Others may choose to zero in on index performance or a certain sector, focusing mainly on technical factors (chart patterns) to spot trends and patterns affecting a wider variety of stocks. Still, some may elect to spend more time on fundamentals (earnings, news events, etc.). For example, a strong or weak company quarterly earnings report can hurt its shares, while a news event like a Federal Reserve rate hike can sometimes hurt the entire market.
Get familiar with an area of interest like a sector and follow it for a while, perhaps using the paperMoney® virtual trading feature on the Schwab thinkorswim® platform to sharpen your skills risk-free before going full steam and using real money. Then try trading other sectors and methods, again using paperMoney. Find out what you like to trade and which markets or sectors interest you.
Also, consider going back to school. Not a brick-and-mortar one, naturally, but consider Schwab's online learning resources or Investing Basics video series as a start. Attending class won't prevent you from losing money in trading (everyone has bad trades), but it can teach you strategies and general market behavior as well as help you create an investing plan.
Trading the market more actively also means knowing when you want to enter and exit trades and stick to a strategy outlined in your investing plan. Don't let the FOMO—fear of missing out—become a factor.

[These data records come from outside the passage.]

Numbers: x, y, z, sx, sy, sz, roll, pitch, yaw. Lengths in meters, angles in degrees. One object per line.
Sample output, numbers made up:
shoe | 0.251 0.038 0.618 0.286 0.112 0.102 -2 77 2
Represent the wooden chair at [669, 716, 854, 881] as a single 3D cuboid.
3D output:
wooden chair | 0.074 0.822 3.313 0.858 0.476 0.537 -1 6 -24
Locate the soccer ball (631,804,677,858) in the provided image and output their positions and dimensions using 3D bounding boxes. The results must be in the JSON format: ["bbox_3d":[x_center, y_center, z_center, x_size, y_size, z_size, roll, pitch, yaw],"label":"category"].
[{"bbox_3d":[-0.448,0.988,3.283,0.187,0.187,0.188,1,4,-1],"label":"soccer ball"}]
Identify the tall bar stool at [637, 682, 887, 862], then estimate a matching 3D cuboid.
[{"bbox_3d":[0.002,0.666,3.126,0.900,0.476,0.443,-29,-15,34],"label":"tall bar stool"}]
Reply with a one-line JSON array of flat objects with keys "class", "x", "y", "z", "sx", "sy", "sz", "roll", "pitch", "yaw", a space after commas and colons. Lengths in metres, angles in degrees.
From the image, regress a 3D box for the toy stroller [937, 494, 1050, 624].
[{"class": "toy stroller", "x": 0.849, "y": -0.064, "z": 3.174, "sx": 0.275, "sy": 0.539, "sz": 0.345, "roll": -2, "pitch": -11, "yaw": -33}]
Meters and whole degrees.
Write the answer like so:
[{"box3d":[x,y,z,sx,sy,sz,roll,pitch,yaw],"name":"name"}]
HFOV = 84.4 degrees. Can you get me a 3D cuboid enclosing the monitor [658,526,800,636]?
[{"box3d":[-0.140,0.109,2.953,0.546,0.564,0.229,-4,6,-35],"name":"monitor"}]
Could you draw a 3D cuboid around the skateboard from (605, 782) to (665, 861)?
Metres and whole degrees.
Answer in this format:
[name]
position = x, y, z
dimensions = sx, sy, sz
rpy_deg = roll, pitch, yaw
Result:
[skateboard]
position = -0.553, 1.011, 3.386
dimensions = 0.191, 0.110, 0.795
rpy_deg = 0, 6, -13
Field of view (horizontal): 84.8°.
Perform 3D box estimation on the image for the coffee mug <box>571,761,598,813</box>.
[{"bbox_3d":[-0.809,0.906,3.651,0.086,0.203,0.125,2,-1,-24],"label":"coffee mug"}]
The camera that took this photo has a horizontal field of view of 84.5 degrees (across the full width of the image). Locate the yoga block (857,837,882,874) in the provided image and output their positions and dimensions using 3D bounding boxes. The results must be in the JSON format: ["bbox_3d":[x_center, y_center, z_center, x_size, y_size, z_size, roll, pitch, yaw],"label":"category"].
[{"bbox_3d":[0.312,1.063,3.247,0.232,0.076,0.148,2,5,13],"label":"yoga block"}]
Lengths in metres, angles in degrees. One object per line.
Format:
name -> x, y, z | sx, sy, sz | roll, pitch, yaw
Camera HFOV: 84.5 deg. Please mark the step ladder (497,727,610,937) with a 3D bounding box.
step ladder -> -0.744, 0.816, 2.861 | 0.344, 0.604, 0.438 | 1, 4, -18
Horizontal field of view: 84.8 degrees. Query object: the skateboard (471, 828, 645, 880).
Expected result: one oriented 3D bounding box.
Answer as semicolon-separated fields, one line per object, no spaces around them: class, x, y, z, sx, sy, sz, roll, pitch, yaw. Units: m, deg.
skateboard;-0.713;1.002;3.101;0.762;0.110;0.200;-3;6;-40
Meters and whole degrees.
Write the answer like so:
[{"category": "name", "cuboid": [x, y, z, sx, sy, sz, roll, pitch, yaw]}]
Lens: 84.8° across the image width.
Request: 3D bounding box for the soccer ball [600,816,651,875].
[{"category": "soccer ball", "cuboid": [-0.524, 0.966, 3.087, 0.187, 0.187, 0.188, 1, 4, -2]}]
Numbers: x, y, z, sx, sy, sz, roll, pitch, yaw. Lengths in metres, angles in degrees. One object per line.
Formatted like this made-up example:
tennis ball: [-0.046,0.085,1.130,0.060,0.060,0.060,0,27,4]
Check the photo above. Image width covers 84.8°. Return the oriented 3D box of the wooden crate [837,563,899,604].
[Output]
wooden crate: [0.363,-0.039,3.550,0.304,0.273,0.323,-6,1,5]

"If it's my money being put into the stock market, I want to do a high-conviction trade," Peterson said. "Scrutinize which stocks you believe are worthy of your capital and be patient in terms of letting potential opportunities come to you. If you're waiting on a pullback, don't get impatient and say, 'It's close enough, I'm in.' Wait for the opportunities to come to you and consider technical analysis to help confirm entry/exit points regarding timing. If you miss a trade, there will always be other opportunities down the road."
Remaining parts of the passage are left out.